Investigators discovered the Salmonella saintpaul strain in irrigation water and in serrano pepper samples from the farm, which is in the northeastern state of Nuevo Leon partially bordering Texas. The Food and Drug Administration is now warning consumers not to eat raw serrano peppers, in addition to raw jalapenos.

“We have a smoking gun, it appears,” Lonnie King, a director at the Centers for Disease Control, said Wednesday.

The discovery of the outbreak strain on a farm does not answer all of the questions confronting investigators. But it will improve their chances of stopping the outbreak, which has sickened more than 1,300 people since April. It also gets them closer to a full explanation of an outbreak that stumped the nation’s most experienced disease detectives and drew criticism from tomato growers and Congress about the FDA’s and CDC’s handling of the case.

Lawmakers Wednesday began the first of two hearings on what went wrong in the investigation, which was initially focused on tomatoes and later expanded to include jalapeno and serrano peppers.

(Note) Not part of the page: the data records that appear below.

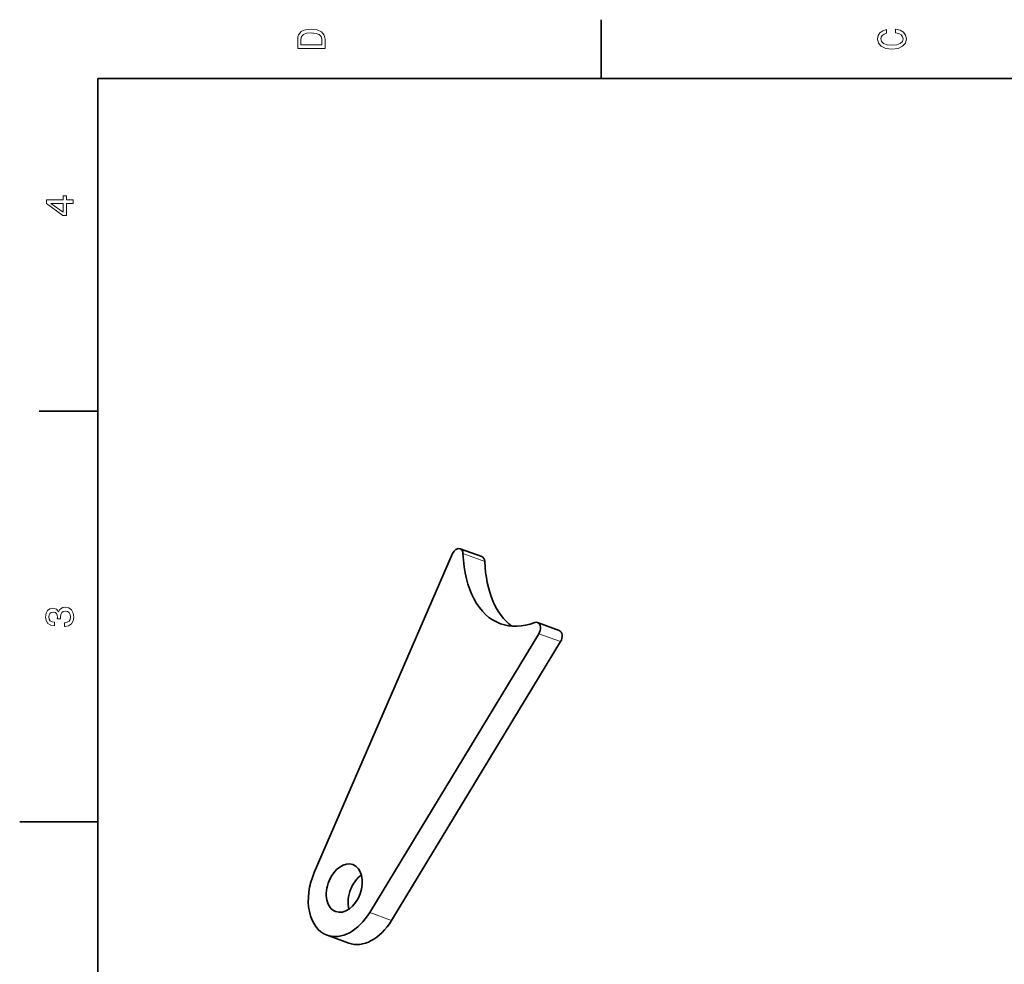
# Model space of a CAD drawing. Extents: x 0 to 297, y 0 to 210.
# Tile 4 of 9: x 0 to 126, y 87 to 208. Entities that reach past the tile are written whole.
import ezdxf

# ---------------------------------------------------------------- set-up
doc = ezdxf.new("R2010")
doc.units = 0

msp = doc.modelspace()

# ---------------------------------------------------------------- linework, layer by layer
at = {"color": 7, "lineweight": 35, "ltscale": 0.1875}
for p, q in [((74.300003, 200), (74.300003, 207.5)), ((10, 157.5), (2.5, 157.5))]:
    msp.add_line(p, q, dxfattribs=at)
at = {"color": 7, "lineweight": 35}
for p, q in [((287, 200), (10, 200)), ((10, 200), (10, 10)), ((55.338676, 139.281464), (37.651985, 98.530586)), ((44.742893, 93.426781), (66.346954, 129.046005)), ((47.524323, 92.408813), (69.128387, 128.02803))]:
    msp.add_line(p, q, dxfattribs=at)
at = {"color": 7, "lineweight": 35, "ltscale": 0.074046}
msp.add_line((56.281193, 139.908722), (59.062626, 138.890762), dxfattribs=at)
at = {"color": 7, "lineweight": 13, "ltscale": 0.074047}
for p, q in [((56.654938, 139.270615), (59.436371, 138.25264)), ((66.346954, 129.046005), (69.128387, 128.02803))]:
    msp.add_line(p, q, dxfattribs=at)
at = {"color": 7, "lineweight": 35, "ltscale": 0.074047}
for p, q in [((66.181519, 130.470734), (68.962952, 129.452759)), ((39.284824, 90.52478), (42.066257, 89.506813))]:
    msp.add_line(p, q, dxfattribs=at)
at = {"color": 7, "lineweight": 35, "ltscale": 0.25}
msp.add_line((10, 105), (0, 105), dxfattribs=at)
at = {"color": 7, "lineweight": 13, "ltscale": 0.074046}
msp.add_line((47.524323, 92.408813), (44.742893, 93.426781), dxfattribs=at)
at = {"color": 7, "lineweight": 13}
for points in [[(35.533215, 204.994965), (35.533215, 203.829971), (39.033215, 203.829971), (39.033215, 204.994965), (38.922264, 205.544678), (38.584366, 205.953171), (38.034657, 206.205338), (37.283215, 206.296112), (36.516644, 206.215424), (36.21405, 206.114563), (35.971977, 205.973343), (35.644165, 205.56485), (35.563473, 205.297562)], [(35.951801, 204.959656), (36.027451, 205.342941), (36.259438, 205.605194), (36.672985, 205.761536), (37.283215, 205.811966), (37.873272, 205.756485), (38.286816, 205.600143), (38.533936, 205.332855), (38.614628, 204.959656), (38.614628, 204.298996), (35.951801, 204.298996)], [(111.93206, 205.817017), (112.35569, 205.716141), (112.658287, 205.549713), (112.844887, 205.317734), (112.905403, 205.045395), (112.814629, 204.71759), (112.54229, 204.460388), (112.098488, 204.28891), (111.483215, 204.233429), (110.872986, 204.28891), (110.424141, 204.455338), (110.151802, 204.71254), (110.055984, 205.045395), (110.106415, 205.287476), (110.247627, 205.494247), (110.474571, 205.655624), (110.787247, 205.766571), (110.787247, 206.245682), (110.308144, 206.094391), (109.94503, 205.832138), (109.718086, 205.474075), (109.637398, 205.045395), (109.763474, 204.510818), (110.116501, 204.10231), (110.696472, 203.840057), (111.483215, 203.749283), (112.269958, 203.840057), (112.84993, 204.10231), (113.208, 204.510818), (113.329041, 205.045395), (113.233215, 205.51442), (112.965927, 205.892654), (112.527161, 206.159943), (111.93206, 206.301163)], [(6.833213, 184.02739), (6.833213, 184.481277), (5.965778, 184.481277), (5.965778, 184.98056), (5.56232, 184.98056), (5.56232, 184.481277), (3.408862, 184.481277), (3.408862, 184.022339), (5.521974, 182.489197), (5.965778, 182.489197), (5.965778, 184.02739)], [(5.56232, 182.912827), (3.993876, 184.02739), (5.56232, 184.02739)], [(5.73379, 129.979111), (5.769093, 129.979111), (6.253242, 130.059799), (6.616354, 130.296829), (6.848343, 130.670029), (6.934078, 131.164276), (6.848343, 131.688766), (6.626441, 132.082138), (6.273415, 132.334305), (5.819525, 132.425079), (5.521974, 132.384735), (5.279899, 132.273788), (5.0933, 132.092224), (4.957133, 131.850143), (4.684798, 132.177963), (4.251081, 132.293961), (3.857709, 132.218307), (3.560158, 132.00145), (3.373559, 131.648422), (3.307997, 131.164276), (3.388689, 130.710388), (3.610591, 130.362396), (3.963617, 130.135452), (4.432637, 130.059799), (4.46794, 130.059799), (4.46794, 130.508652), (4.145173, 130.548996), (3.913184, 130.680115), (3.771974, 130.891937), (3.721542, 131.189484), (3.761888, 131.451736), (3.867795, 131.643372), (4.039265, 131.759369), (4.271254, 131.804764), (4.518372, 131.759369), (4.684798, 131.638336), (4.785663, 131.426514), (4.815922, 131.139053), (4.810879, 130.942368), (5.209294, 130.942368), (5.199208, 131.189484), (5.244596, 131.507217), (5.365634, 131.744247), (5.56232, 131.885452), (5.819525, 131.935883), (6.112032, 131.880417), (6.328891, 131.734161), (6.465058, 131.502167), (6.510447, 131.194534), (6.460014, 130.876801), (6.308718, 130.644821), (6.066643, 130.498566), (5.73379, 130.443085)]]:
    msp.add_lwpolyline(points, close=True, dxfattribs=at)
at = {"color": 7, "lineweight": 35}
for centre, major_axis, ratio, start_param, end_param in [((55.937523, 138.969635), (-0.343693, -0.939079), 0.672095, 3.1416295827, 4.6252599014), ((55.937523, 138.969635), (-0.343693, -0.939079), 0.672095, 2.1284627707, 3.1416295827), ((67.153839, 145.987885), (-5.695007, -15.669601), 0.564498, 5.3481167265, 6.2819151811), ((58.718956, 137.95166), (-0.343693, -0.939079), 0.672095, 2.1284627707, 3.1416295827), ((69.931686, 144.965042), (-5.690807, -15.664963), 0.564565, 5.347861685, 6.1237361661), ((67.155487, 146.001709), (-5.695389, -15.683891), 0.564238, 6.2817728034, 6.7281213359), ((65.837852, 129.531647), (-0.343693, -0.939079), 0.672095, 3.1416323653, 3.6603304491), ((65.837852, 129.531647), (-0.343693, -0.939079), 0.672095, 1.285881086, 3.1416323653), ((68.619278, 128.513672), (-0.343693, -0.939079), 0.672095, 1.285881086, 3.1416323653), ((41.484627, 96.534843), (-1.099815, -3.005066), 0.672095, 3.1415798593, 4.6486449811), ((41.484627, 96.534843), (-1.099815, -3.005066), 0.672095, 6.2831725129, 9.4247651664), ((41.484627, 96.534843), (-2.199627, -6.010132), 0.672095, 4.6252599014, 6.2831422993), ((44.26606, 95.516876), (-1.099815, -3.005066), 0.672095, 3.9010008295, 4.6486449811), ((41.484627, 96.534843), (-1.099815, -3.005066), 0.672095, 4.6486449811, 6.2831725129), ((44.26606, 95.516876), (-1.099815, -3.005066), 0.672095, 4.6486449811, 5.5240208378), ((41.484627, 96.534843), (-2.199627, -6.010132), 0.672095, 6.2831422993, 7.5690663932), ((44.26606, 95.516876), (-2.199627, -6.010132), 0.672095, 6.2831422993, 7.5690663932)]:
    msp.add_ellipse(centre, major_axis=major_axis, ratio=ratio, start_param=start_param, end_param=end_param, dxfattribs=at)

doc.saveas('drawing.dxf')

Almost as soon as he took his seat in front of the microphone, the FDA’s top food safety official, David Acheson, went off script, starting not with his prepared testimony but with news of the Salmonella saintpaul finding in Mexico, information he said he had learned just two hours before the hearing.

The discovery did not let the FDA and the CDC off the hook entirely. Rep. Dennis Cardoza, D-Calif., chairman of the House Agriculture subcommittee, asked Acheson to get back to the panel with answers to several questions, including when he first heard CDC officials suspected jalapeno peppers were making people sick.

Investigators did not look into whether jalapeno and serrano peppers could be making people sick until early July when people continued to get sick despite a nationwide warning against eating raw red plum, Roma and vineless red round tomatoes.

Investigators have yet to find a contaminated tomato, and many growers assert that tomatoes were never involved. FDA and CDC officials, however, continued to insist that tomatoes and jalapeno peppers could have spread the bacteria if they were contaminated on the same farm or if one cross-contaminated the other somewhere in the distribution chain.

The discovery of Salmonella saintpaul in both jalapeno and serrano peppers partly vindicated proponents of that theory. Acheson told lawmakers Wednesday that investigators may still find a packing facility or warehouse where tomatoes and jalapeno and serrano peppers crossed paths.

“We know (the salmonella) was on two (produce items); it could easily have been on three,” Acheson said. “It is certainly plausible that tomatoes were responsible for the early phases.”